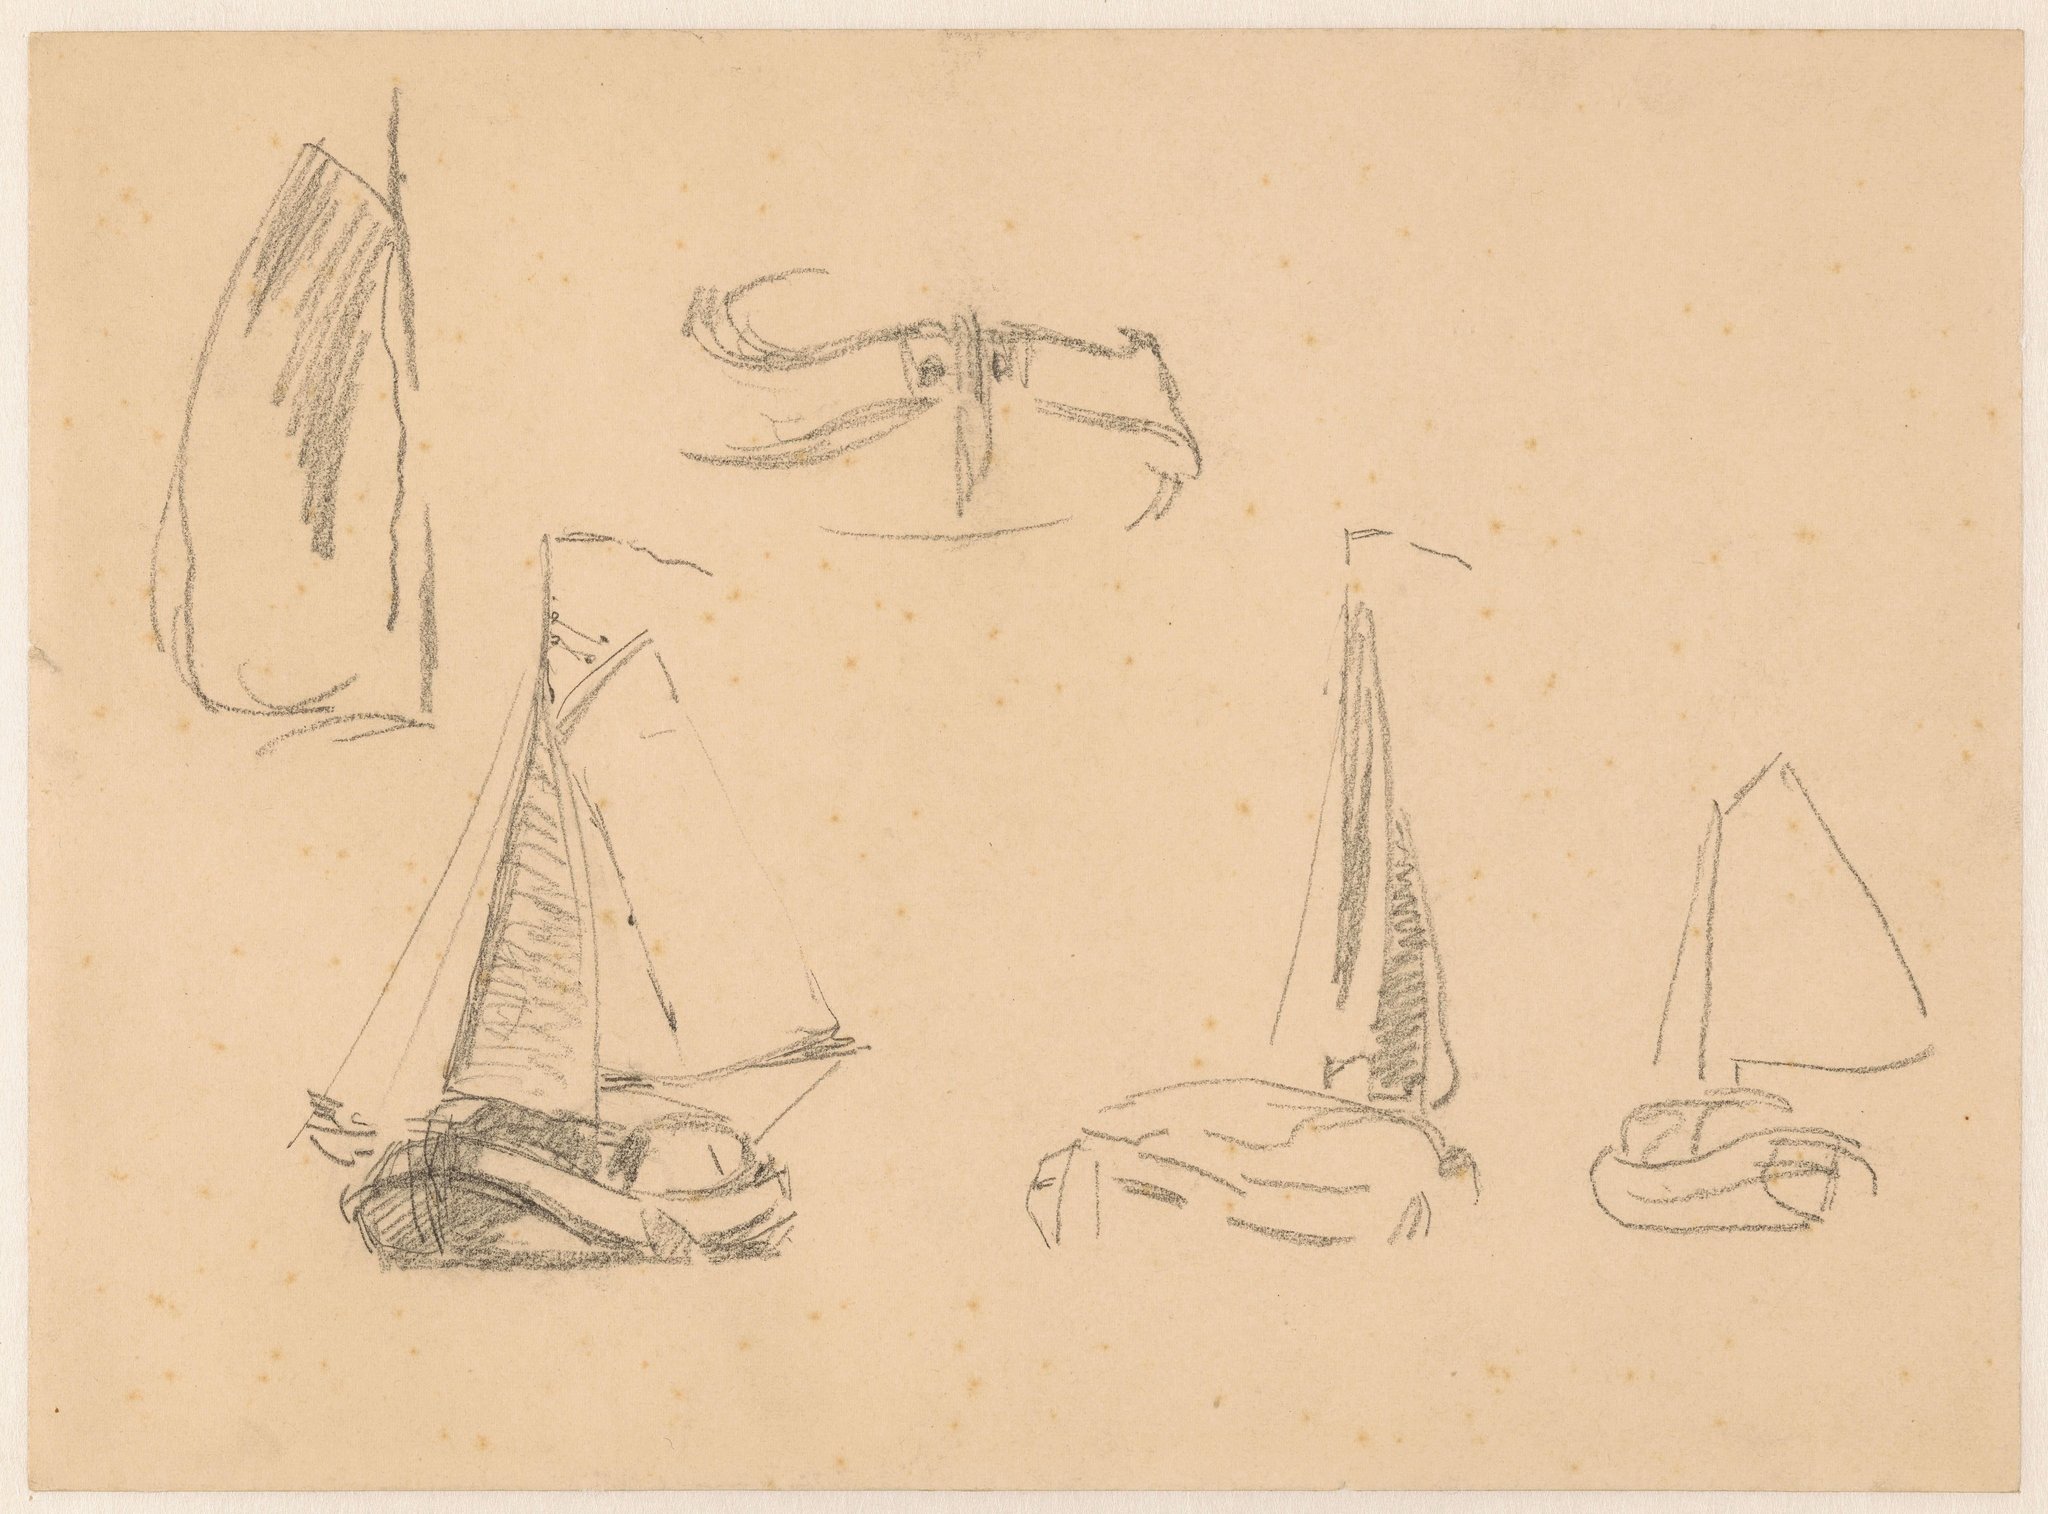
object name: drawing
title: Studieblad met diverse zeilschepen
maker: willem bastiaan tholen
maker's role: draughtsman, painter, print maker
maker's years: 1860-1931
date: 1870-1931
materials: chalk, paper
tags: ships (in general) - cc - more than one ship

───

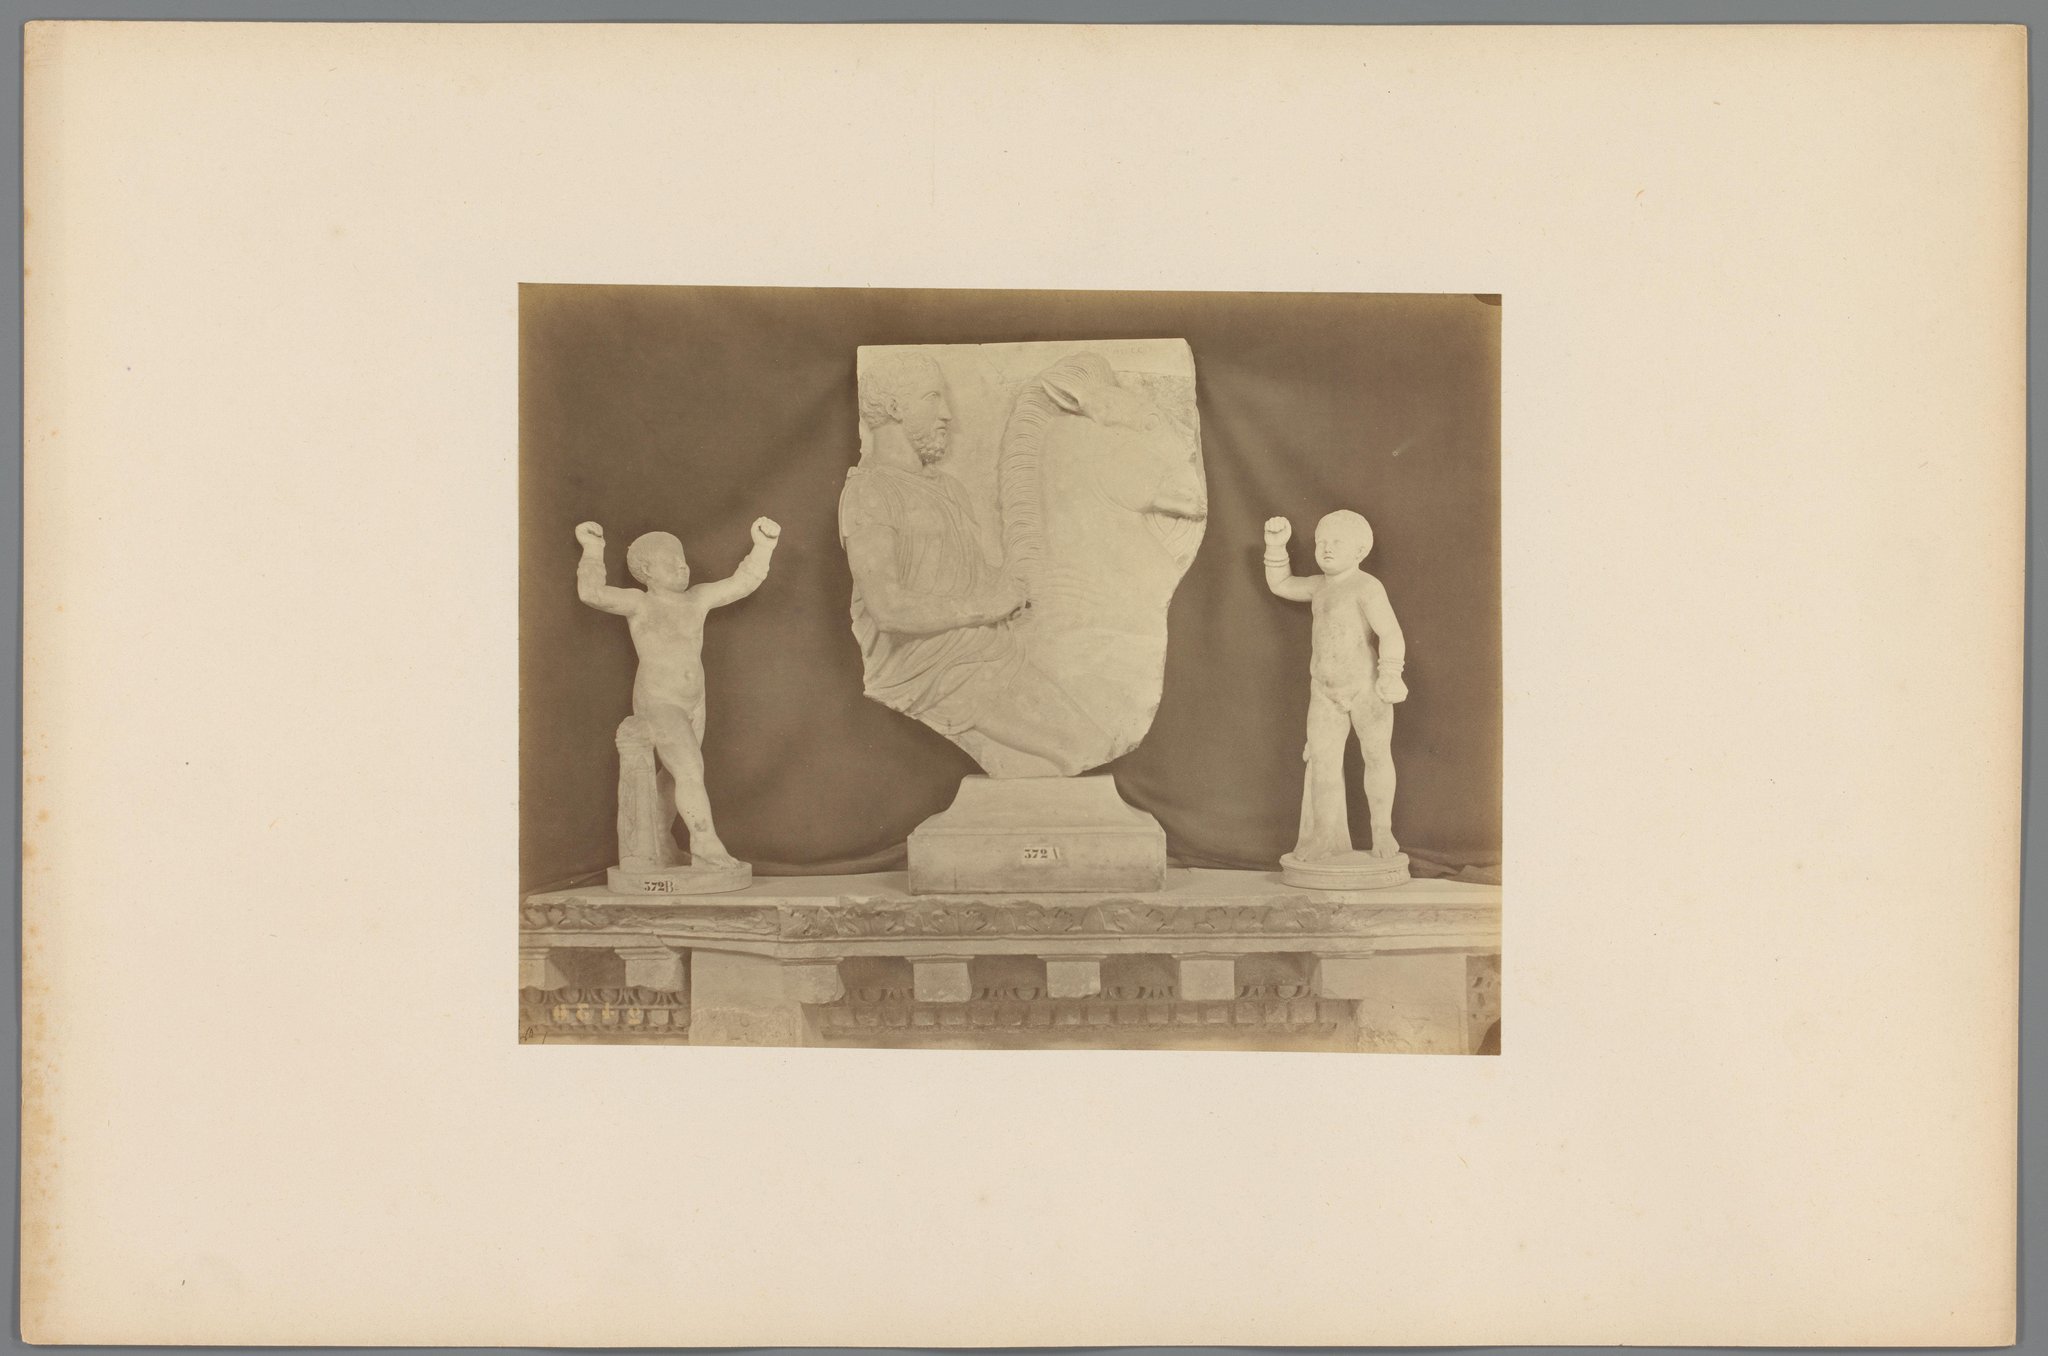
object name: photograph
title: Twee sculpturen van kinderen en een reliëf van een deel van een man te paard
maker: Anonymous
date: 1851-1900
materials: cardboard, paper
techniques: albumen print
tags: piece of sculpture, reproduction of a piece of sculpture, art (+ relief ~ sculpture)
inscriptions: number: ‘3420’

───

Would you retype the lines above from the one with "object name: drawing" down to the one with "tags: ships (in", word for word, both ends included and no other lines?

◆ **Solution to the problem**
object name: drawing
title: Studieblad met diverse zeilschepen
maker: willem bastiaan tholen
maker's role: draughtsman, painter, print maker
maker's years: 1860-1931
date: 1870-1931
materials: chalk, paper
tags: ships (in general) - cc - more than one ship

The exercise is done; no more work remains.